Show each line from the records below in which the word "grid" occurs.

[[ DATA SHOWN open ]]

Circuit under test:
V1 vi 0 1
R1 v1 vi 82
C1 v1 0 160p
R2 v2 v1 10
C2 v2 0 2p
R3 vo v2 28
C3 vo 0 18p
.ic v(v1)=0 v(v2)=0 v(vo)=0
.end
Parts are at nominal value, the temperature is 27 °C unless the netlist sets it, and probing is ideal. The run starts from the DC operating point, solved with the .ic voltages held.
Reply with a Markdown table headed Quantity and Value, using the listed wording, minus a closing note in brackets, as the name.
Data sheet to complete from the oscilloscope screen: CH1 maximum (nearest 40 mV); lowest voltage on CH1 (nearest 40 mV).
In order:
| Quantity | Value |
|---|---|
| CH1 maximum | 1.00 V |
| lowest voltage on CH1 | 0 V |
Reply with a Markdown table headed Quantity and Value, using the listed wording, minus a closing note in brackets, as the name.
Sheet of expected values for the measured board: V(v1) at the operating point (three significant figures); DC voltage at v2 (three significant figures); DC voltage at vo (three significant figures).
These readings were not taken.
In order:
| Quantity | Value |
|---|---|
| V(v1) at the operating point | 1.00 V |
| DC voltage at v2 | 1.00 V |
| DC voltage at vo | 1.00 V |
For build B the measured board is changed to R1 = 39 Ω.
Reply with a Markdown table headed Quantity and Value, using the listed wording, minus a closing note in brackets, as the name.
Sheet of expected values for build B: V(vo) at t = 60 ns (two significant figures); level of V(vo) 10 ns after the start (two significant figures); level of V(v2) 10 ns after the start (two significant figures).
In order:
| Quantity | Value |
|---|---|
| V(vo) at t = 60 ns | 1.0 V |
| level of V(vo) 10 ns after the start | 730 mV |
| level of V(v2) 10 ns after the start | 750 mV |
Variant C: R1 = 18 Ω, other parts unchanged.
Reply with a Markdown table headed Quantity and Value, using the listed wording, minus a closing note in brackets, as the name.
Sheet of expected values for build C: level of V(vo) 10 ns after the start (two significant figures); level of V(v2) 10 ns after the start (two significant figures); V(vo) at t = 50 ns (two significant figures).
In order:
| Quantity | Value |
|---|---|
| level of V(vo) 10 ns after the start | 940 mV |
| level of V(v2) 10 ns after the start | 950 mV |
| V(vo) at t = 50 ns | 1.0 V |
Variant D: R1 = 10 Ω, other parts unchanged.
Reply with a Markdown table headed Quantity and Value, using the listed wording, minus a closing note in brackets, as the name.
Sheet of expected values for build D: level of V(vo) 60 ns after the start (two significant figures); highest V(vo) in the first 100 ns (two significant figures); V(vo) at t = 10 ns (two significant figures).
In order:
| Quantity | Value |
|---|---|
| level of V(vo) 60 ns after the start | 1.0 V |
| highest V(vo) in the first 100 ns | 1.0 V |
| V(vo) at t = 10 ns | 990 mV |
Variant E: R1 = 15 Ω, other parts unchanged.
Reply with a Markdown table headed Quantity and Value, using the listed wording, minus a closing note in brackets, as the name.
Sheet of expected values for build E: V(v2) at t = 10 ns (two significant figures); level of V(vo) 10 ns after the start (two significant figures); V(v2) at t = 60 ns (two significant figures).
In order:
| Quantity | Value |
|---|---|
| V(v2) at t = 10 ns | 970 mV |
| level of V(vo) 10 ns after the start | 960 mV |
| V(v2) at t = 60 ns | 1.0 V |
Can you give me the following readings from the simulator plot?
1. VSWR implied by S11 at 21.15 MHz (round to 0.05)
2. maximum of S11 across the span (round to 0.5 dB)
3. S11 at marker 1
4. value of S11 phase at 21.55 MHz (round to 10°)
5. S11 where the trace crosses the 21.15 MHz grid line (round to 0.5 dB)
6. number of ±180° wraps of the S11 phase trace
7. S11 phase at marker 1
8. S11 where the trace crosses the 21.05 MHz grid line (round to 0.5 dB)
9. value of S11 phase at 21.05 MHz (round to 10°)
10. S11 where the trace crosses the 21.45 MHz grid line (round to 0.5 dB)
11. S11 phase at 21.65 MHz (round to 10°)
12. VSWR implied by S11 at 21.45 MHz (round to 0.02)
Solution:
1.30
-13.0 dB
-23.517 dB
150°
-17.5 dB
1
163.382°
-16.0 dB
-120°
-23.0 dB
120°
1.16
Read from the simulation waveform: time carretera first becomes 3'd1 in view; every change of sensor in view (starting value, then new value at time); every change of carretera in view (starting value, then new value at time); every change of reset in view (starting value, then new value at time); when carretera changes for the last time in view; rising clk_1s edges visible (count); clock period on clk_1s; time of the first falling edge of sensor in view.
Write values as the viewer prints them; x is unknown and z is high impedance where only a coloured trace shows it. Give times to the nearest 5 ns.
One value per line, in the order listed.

[[ DATA SHOWN closed ]]

▶ **TASK RESPONSE**
5. S11 where the trace crosses the 21.15 MHz grid line (round to 0.5 dB)
8. S11 where the trace crosses the 21.05 MHz grid line (round to 0.5 dB)
10. S11 where the trace crosses the 21.45 MHz grid line (round to 0.5 dB)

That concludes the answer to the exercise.